A thread limit for searches in the java client

Hi,
I've just recently upgraded to ES 5.2.1 from 2.3.1.
when I run the server on production, there seems to be some kind of "limit" (probably threads) after a few consecutive search requests..
the requests seem to be waiting for something for over a minute..
I'm using the PreBuiltTransportClient with the following settings:
settings.put("client.transport.sniff", true );
settings.put("client.transport.ignore_cluster_name", true);
settings.put("client.transport.ping_timeout", "10s");
settings.put("client.transport.nodes_sampler_interval", "10s");

can somebody suggest any settings i should change?

You should not see those limits and you should not change threadpool settings.

Can you share a sample code of what you are doing and the error message you are getting if any?

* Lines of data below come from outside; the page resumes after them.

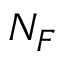Convert formula to latex. <formula><loc_0><loc_0><loc_500><loc_500>N _ { F }</formula> 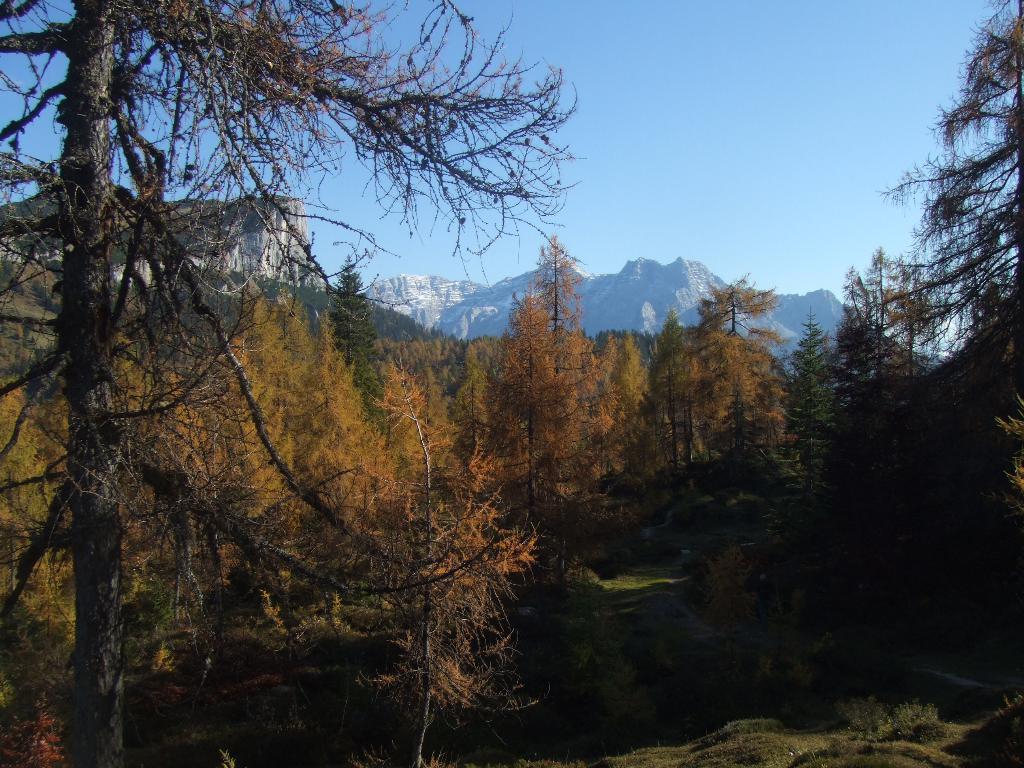Could you give a brief overview of what you see in this image? In this image I can see trees in green color, background I can see mountains, and the sky is in blue color. 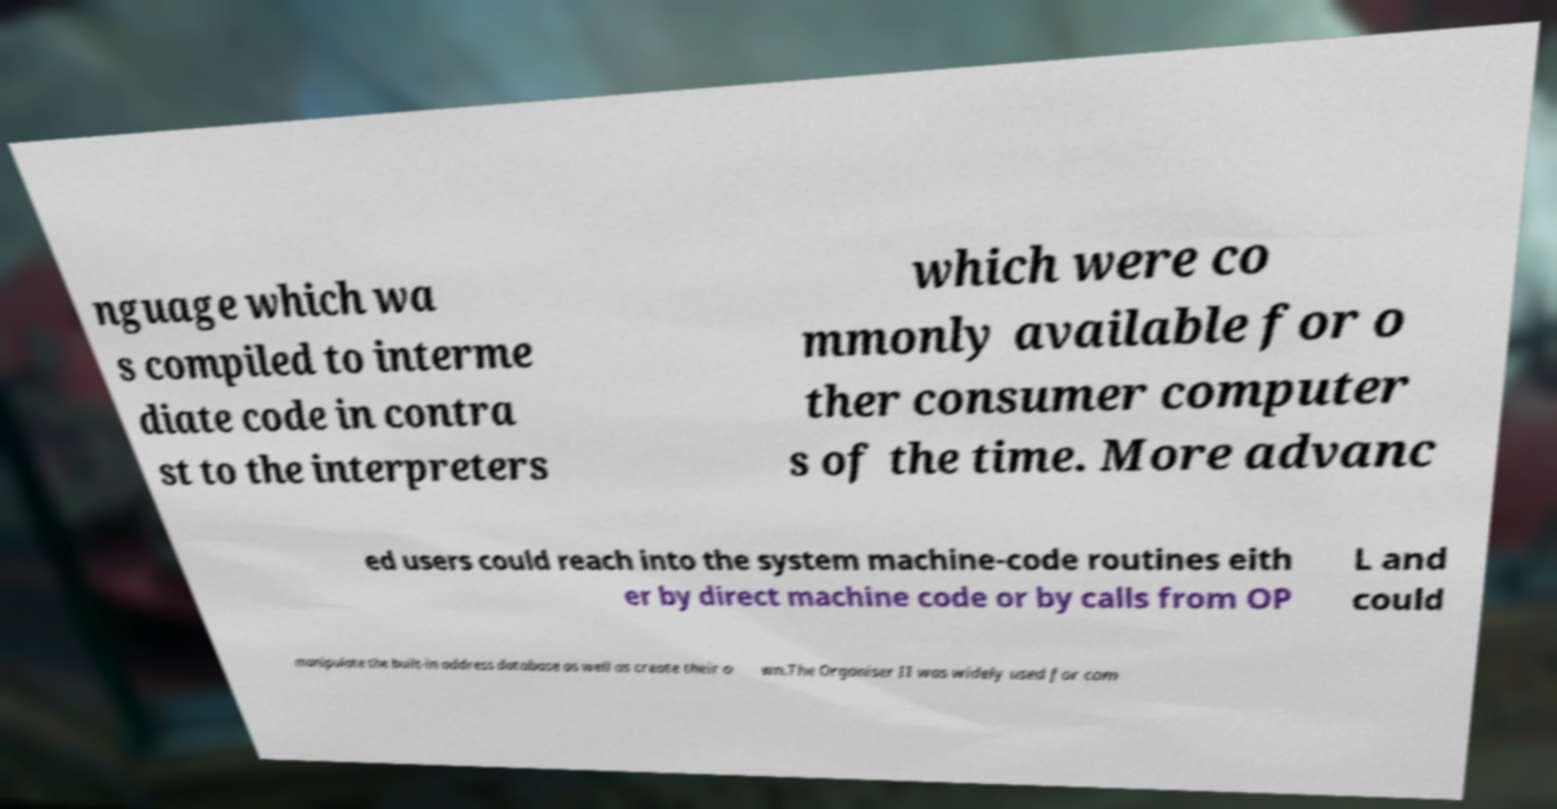Can you accurately transcribe the text from the provided image for me? nguage which wa s compiled to interme diate code in contra st to the interpreters which were co mmonly available for o ther consumer computer s of the time. More advanc ed users could reach into the system machine-code routines eith er by direct machine code or by calls from OP L and could manipulate the built-in address database as well as create their o wn.The Organiser II was widely used for com

the code is something like this:

final PreBuiltTransportClient transportclient = new PreBuiltTransportClient(settings);

for (final String ip : clusterIPsSplit) {
	final String[] ipAndPort = ip.split(IP_PORT_DELIMITER);
	transportclient.addTransportAddress(new InetSocketTransportAddress(InetAddress.getByName(ipAndPort[0]), Integer.valueOf(ipAndPort[1])));
}

QueryBuilder query = ...;
QueryBuilder qb = QueryBuilders.nestedQuery(NESTED_DOC, query, ScoreMode.Total);

final SearchRequestBuilder searchReqBuilder = _client
				.prepareSearch("...")
				.setTypes("...")
				.setSearchType(SearchType.DFS_QUERY_THEN_FETCH)
				.setQuery(qb)
				.setFrom(startIndex)
				.setSize(size)
				.setExplain(false);

private <T> Observable<SearchResponse> observeSearchResult(final ActionRequestBuilder searchReqBuilder) {
	return Observable.create(subscriber -> {
		try {
			searchReqBuilder.execute().addListener(new ActionListener<SearchResponse>() {
				@Override
				public void onResponse(final SearchResponse response) {
					if (!subscriber.isUnsubscribed()) {
						subscriber.onNext(response);
						subscriber.onCompleted();
					}
				}

				@Override
				public void onFailure(final Exception e) {
					if (!subscriber.isUnsubscribed()) {
						subscriber.onError(e);
					}
				}
			});
		}
		catch (final Exception e) {
			if (!subscriber.isUnsubscribed()) {
				subscriber.onError(e);
			}
		}
	});
}

the only "migrated" part is using the PreBuiltTransportClient.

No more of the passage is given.